Craig Coutinho of Vineyard Haven confirmed this week that he will sell Viking along with his fishing permits.
Mr. Coutinho, 63, said he will retire after fishing from Viking for 50 years, primarily out of Menemsha. The boat is now in the Oak Bluffs harbor where it usually spends the winter. The sale, which is still pending, includes the transfer of the fishing permits that run with the boat. Mr. Coutinho would not disclose the name of the buyer or the price, but said the boat will go to Provincetown. He also said the buyer is primarily interested in the inshore state fishing permits for fluke, flounder, groundfish, conch and squid. “He wants to sell [Viking],” Mr. Coutinho said of the unnamed buyer. “He already has a boat . . . everyone wants the permits today. Nobody wants a wooden boat,” he added.
Viking was built in 1929 at the Casey Boatbuilding Company in Fairhaven, a company known in its day for building fast rum-running boats in addition to fishing vessels and later racing sailboats. She is one of the last of a breed of wooden boats built when fish were plentiful and commercial fishing was a year-round industry.

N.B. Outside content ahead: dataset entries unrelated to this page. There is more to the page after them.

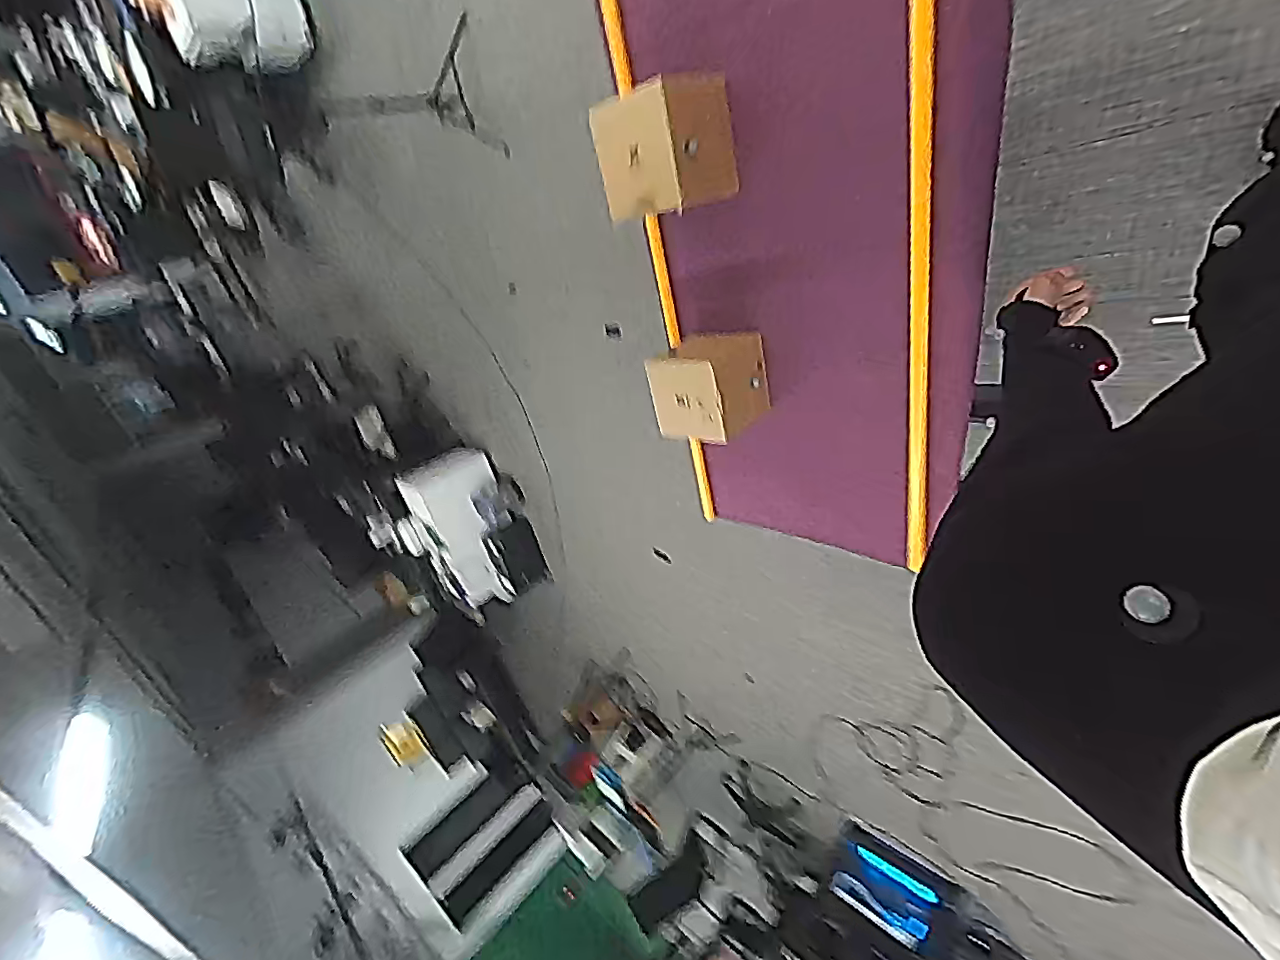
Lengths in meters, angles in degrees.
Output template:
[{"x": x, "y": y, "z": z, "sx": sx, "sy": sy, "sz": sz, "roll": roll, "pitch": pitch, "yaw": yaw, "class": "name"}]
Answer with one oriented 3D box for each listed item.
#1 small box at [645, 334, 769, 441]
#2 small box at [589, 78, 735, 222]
[{"x": 0.142, "y": -0.197, "z": 1.116, "sx": 0.179, "sy": 0.176, "sz": 0.168, "roll": 12, "pitch": 127, "yaw": 43, "class": "small box"}, {"x": 0.044, "y": -0.566, "z": 0.935, "sx": 0.168, "sy": 0.176, "sz": 0.179, "roll": 12, "pitch": 127, "yaw": 44, "class": "small box"}]
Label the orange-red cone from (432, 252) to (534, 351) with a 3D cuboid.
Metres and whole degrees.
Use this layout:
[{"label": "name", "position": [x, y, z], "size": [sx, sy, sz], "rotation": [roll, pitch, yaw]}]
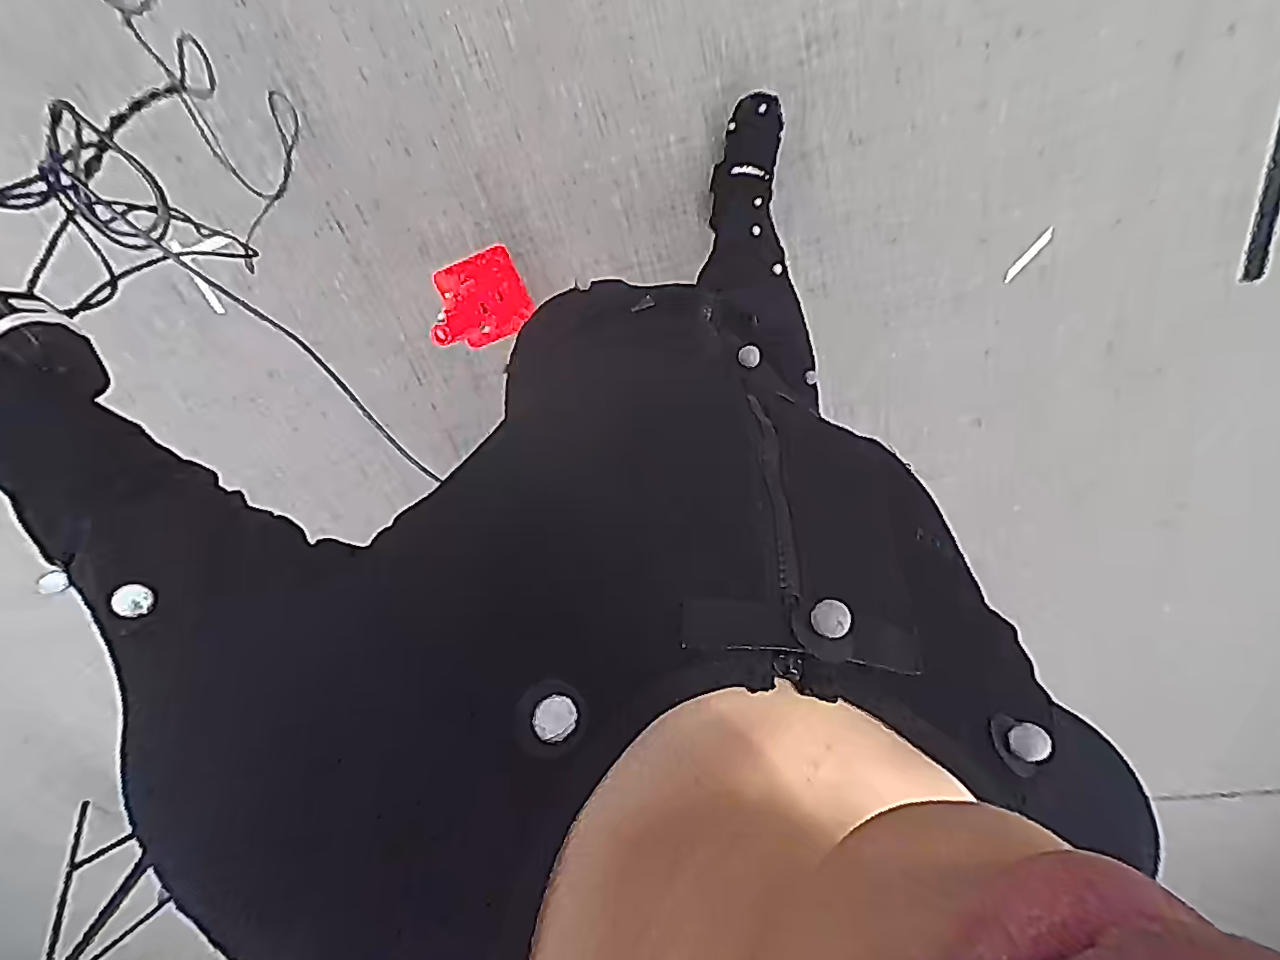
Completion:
[{"label": "orange-red cone", "position": [-0.372, -0.346, 1.157], "size": [0.199, 0.360, 0.198], "rotation": [-19, 118, 8]}]
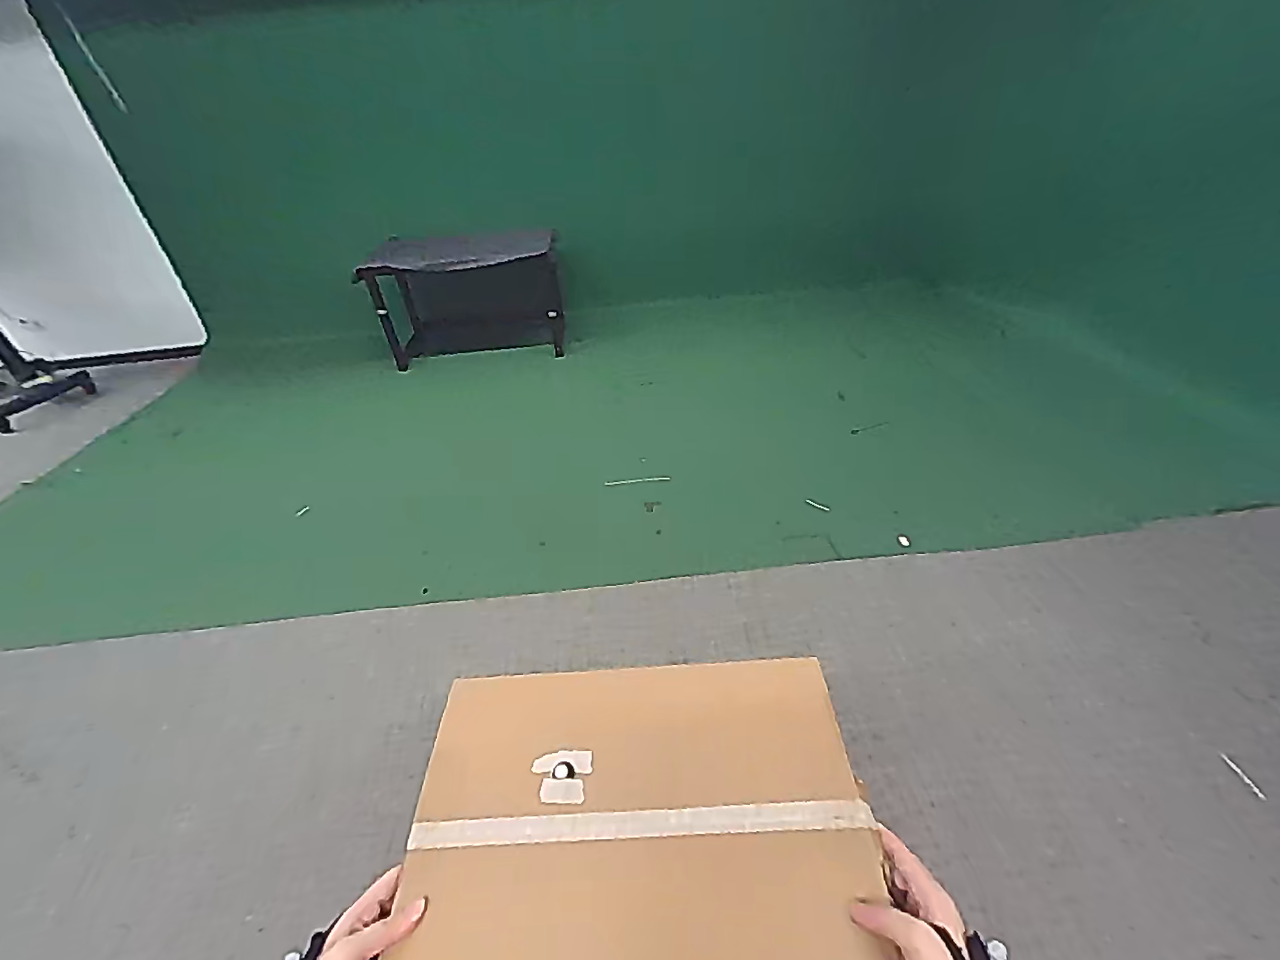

“I got tired. I’ve done it for 50 years. I was 11 years old when I started fishing in that boat. I think that is long enough,” Mr. Coutinho said. “Everything is getting tight. Fuel is expensive. The cost of everything has gone up. With a wooden boat you have to haul it out, maintain it. It is not at all like a fiberglass boat,” he added.
Last summer Mr. Coutinho fished out of Menemsha, as he has for at least 30 summers, dragging for summer flounder. His daily quota was 300 pounds. Mr. Coutinho sold his fluke to Stanley Larsen at the Menemsha Fish Market. “He is a dedicated Island fisherman,” Mr. Larsen said this week.